- _Exercise directions_: Once the line with "1. gain of V(TP3) at 1 Hz (nearest 0.1 dB)" is found in the data, output it and each following line exactly, up to and including the line with "5. gain at V(Vo), 100 mHz (nearest 0.1 dB)", and nothing before or after.

- _Supplied data_:

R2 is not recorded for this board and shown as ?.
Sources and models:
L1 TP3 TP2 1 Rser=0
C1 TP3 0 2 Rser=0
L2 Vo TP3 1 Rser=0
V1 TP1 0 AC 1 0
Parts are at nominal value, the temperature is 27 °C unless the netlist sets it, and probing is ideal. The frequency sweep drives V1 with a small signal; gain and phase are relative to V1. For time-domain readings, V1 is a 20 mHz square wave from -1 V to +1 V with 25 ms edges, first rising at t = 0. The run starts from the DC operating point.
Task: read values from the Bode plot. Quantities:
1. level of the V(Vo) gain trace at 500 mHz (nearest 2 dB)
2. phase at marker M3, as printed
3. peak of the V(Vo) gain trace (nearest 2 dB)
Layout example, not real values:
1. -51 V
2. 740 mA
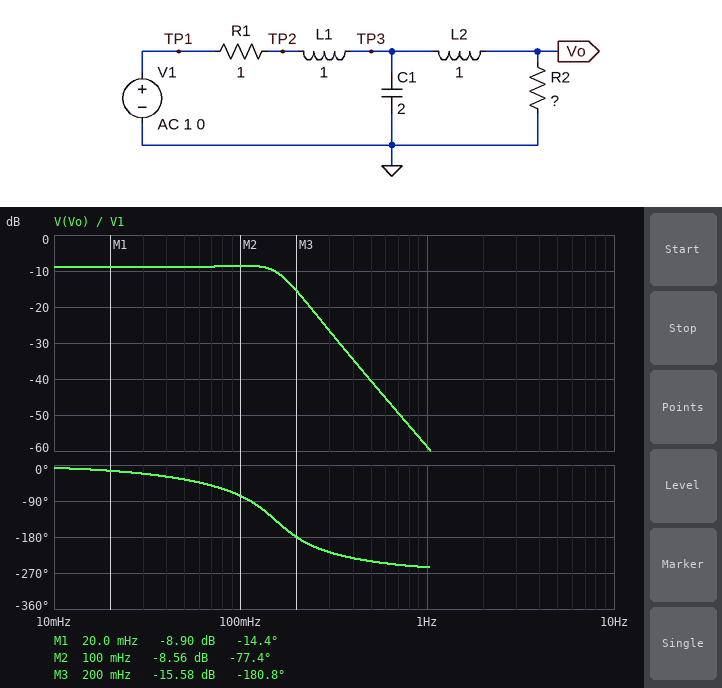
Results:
1. -40 dB
2. -180.8 deg
3. -8 dB
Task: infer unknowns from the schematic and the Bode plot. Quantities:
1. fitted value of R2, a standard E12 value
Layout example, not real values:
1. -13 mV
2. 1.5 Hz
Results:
1. 0.56 Ω
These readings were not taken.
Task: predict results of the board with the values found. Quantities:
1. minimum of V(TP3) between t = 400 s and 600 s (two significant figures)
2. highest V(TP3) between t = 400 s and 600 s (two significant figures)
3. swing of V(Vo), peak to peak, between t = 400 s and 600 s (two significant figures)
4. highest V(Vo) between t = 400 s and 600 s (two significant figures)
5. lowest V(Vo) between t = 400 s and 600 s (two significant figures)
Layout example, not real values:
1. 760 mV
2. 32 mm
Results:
1. -680 mV
2. 680 mV
3. 900 mV
4. 450 mV
5. -450 mV
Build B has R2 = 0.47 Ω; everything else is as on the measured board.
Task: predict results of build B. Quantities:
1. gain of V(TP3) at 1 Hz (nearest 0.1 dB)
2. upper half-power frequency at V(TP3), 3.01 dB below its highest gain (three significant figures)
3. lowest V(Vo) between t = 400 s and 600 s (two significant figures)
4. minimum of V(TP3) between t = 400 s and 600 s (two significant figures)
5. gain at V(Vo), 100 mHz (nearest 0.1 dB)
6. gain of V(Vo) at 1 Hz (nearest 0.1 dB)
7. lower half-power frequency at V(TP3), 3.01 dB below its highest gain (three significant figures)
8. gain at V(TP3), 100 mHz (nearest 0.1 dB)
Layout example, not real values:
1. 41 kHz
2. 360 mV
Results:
1. -37.8 dB
2. 188 mHz
3. -410 mV
4. -690 mV
5. -9.4 dB
6. -60.4 dB
7. 79.5 mHz
8. -4.9 dB
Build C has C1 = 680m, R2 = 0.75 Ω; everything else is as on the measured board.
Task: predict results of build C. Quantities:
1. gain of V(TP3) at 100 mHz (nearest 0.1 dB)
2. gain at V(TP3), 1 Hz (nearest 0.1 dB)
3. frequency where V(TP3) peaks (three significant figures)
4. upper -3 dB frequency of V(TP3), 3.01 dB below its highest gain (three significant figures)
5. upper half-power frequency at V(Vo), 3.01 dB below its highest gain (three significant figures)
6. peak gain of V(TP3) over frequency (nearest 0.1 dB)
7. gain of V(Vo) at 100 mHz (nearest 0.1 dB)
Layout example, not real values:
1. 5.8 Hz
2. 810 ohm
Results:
1. -5.8 dB
2. -28.0 dB
3. 255 mHz
4. 319 mHz
5. 299 mHz
6. -0.1 dB
7. -8.1 dB

- _Answer space_:
1. gain of V(TP3) at 1 Hz (nearest 0.1 dB)
2. upper half-power frequency at V(TP3), 3.01 dB below its highest gain (three significant figures)
3. lowest V(Vo) between t = 400 s and 600 s (two significant figures)
4. minimum of V(TP3) between t = 400 s and 600 s (two significant figures)
5. gain at V(Vo), 100 mHz (nearest 0.1 dB)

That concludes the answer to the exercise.